Problem statement: Word for word, please copy the line containing "Fill in this" and all lines after it in the entries below, and only those, leaving every picture out.
◇ ◇ ◇ ◇ ◇
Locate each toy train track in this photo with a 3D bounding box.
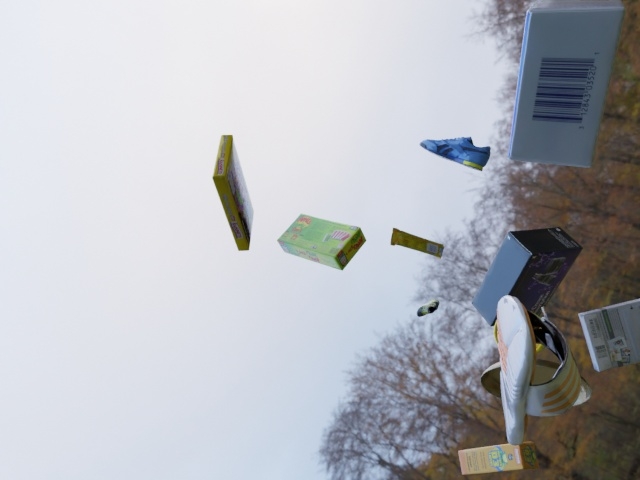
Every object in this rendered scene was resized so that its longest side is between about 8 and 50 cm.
[{"bbox_3d":[0.561,0.200,1.283,0.014,0.083,0.048,-20,-7,-5],"label":"toy train track"}]

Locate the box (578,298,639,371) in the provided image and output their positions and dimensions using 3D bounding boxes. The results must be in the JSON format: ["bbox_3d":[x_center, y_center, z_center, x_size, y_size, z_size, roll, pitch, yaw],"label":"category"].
[{"bbox_3d":[0.745,0.225,1.279,0.038,0.186,0.145,8,-114,-82],"label":"box"}]

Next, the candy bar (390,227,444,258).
[{"bbox_3d":[0.224,0.009,1.199,0.162,0.018,0.040,16,-99,-31],"label":"candy bar"}]

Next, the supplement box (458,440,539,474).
[{"bbox_3d":[0.534,0.662,1.594,0.080,0.233,0.077,16,-123,-33],"label":"supplement box"}]

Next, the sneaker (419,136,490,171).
[{"bbox_3d":[0.390,-0.269,1.523,0.069,0.209,0.082,3,-71,-59],"label":"sneaker"}]

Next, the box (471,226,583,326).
[{"bbox_3d":[0.550,0.098,1.420,0.185,0.103,0.261,-4,-50,-22],"label":"box"}]

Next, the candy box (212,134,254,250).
[{"bbox_3d":[-0.155,-0.082,0.962,0.205,0.027,0.105,82,-174,-53],"label":"candy box"}]

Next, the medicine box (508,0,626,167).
[{"bbox_3d":[0.464,-0.313,1.000,0.289,0.149,0.263,-48,-38,-53],"label":"medicine box"}]

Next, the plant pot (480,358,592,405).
[{"bbox_3d":[0.491,0.325,1.209,0.236,0.237,0.032,64,-145,-46],"label":"plant pot"}]

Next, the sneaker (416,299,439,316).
[{"bbox_3d":[0.323,0.209,1.593,0.083,0.031,0.035,-41,11,29],"label":"sneaker"}]

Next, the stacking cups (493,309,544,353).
[{"bbox_3d":[0.444,0.200,1.137,0.316,0.096,0.095,19,-89,-63],"label":"stacking cups"}]

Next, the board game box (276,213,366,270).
[{"bbox_3d":[0.000,0.000,1.151,0.092,0.181,0.043,-49,-48,-25],"label":"board game box"}]

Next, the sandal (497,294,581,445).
[{"bbox_3d":[0.239,0.147,0.578,0.265,0.076,0.101,67,-159,-48],"label":"sandal"}]
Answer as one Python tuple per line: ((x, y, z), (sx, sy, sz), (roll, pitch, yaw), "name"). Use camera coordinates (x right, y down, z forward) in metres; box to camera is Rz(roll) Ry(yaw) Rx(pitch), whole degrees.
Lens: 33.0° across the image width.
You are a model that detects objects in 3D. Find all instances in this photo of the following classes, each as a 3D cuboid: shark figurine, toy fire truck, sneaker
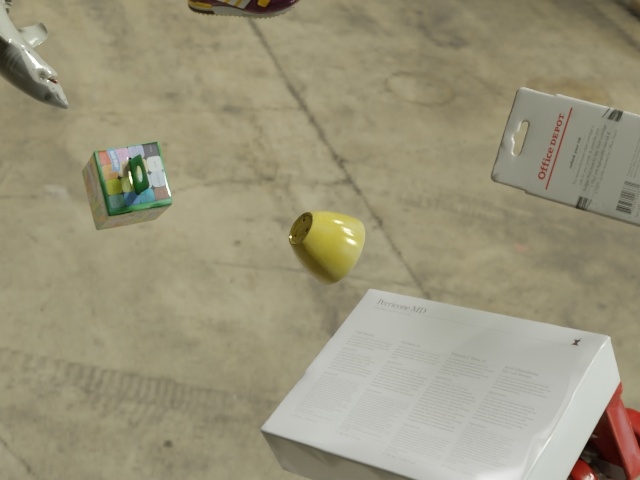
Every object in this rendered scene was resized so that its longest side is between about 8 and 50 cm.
((-0.439, -0.274, 1.434), (0.166, 0.116, 0.278), (30, 25, -42), "shark figurine")
((0.376, 0.260, 1.682), (0.169, 0.253, 0.302), (-27, 17, -21), "toy fire truck")
((-0.121, -0.390, 1.649), (0.186, 0.083, 0.069), (-1, 53, 7), "sneaker")

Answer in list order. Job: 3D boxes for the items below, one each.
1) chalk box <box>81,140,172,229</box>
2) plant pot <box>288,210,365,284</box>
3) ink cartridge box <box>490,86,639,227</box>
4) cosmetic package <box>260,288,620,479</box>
((-0.374, -0.109, 2.100), (0.132, 0.213, 0.132), (-11, 83, -21), "chalk box")
((0.000, 0.000, 1.933), (0.095, 0.134, 0.134), (30, 25, -29), "plant pot")
((0.272, -0.080, 1.071), (0.180, 0.104, 0.060), (19, 7, 21), "ink cartridge box")
((0.153, 0.214, 1.404), (0.377, 0.097, 0.284), (10, 49, 38), "cosmetic package")
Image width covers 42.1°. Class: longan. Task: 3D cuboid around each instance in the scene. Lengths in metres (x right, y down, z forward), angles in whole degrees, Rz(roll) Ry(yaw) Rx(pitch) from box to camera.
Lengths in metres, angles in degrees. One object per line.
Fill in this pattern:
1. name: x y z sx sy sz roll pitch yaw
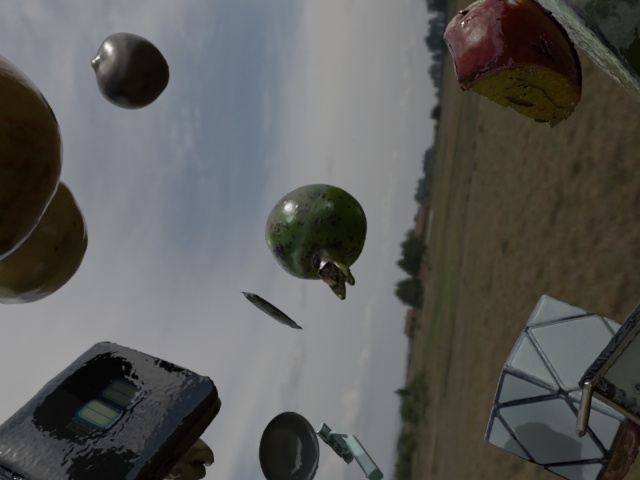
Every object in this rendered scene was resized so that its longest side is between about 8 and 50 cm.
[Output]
1. longan: -0.438 -0.389 1.915 0.189 0.189 0.189 7 -90 -83

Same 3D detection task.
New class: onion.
1. onion: 0.687 0.505 2.076 0.230 0.163 0.229 -19 -56 -30

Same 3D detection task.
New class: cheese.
1. cheese: -0.349 0.501 1.971 0.091 0.203 0.175 -60 34 9

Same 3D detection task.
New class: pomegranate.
1. pomegranate: 0.000 0.000 1.685 0.263 0.211 0.211 -110 15 -46
2. pomegranate: -0.630 0.003 1.675 0.319 0.320 0.318 7 -90 -83

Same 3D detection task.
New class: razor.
◇ ◇ ◇ ◇ ◇
Task output:
Fill in this pattern:
1. name: x y z sx sy sz roll pitch yaw
Every object in this rendered scene was resized so that its longest side is between about 8 and 50 cm.
[Output]
1. longan: -0.438 -0.389 1.915 0.189 0.189 0.189 7 -90 -83

Same 3D detection task.
New class: onion.
1. onion: 0.687 0.505 2.076 0.230 0.163 0.229 -19 -56 -30

Same 3D detection task.
New class: cheese.
1. cheese: -0.349 0.501 1.971 0.091 0.203 0.175 -60 34 9

Same 3D detection task.
New class: pomegranate.
1. pomegranate: 0.000 0.000 1.685 0.263 0.211 0.211 -110 15 -46
2. pomegranate: -0.630 0.003 1.675 0.319 0.320 0.318 7 -90 -83

Same 3D detection task.
New class: razor.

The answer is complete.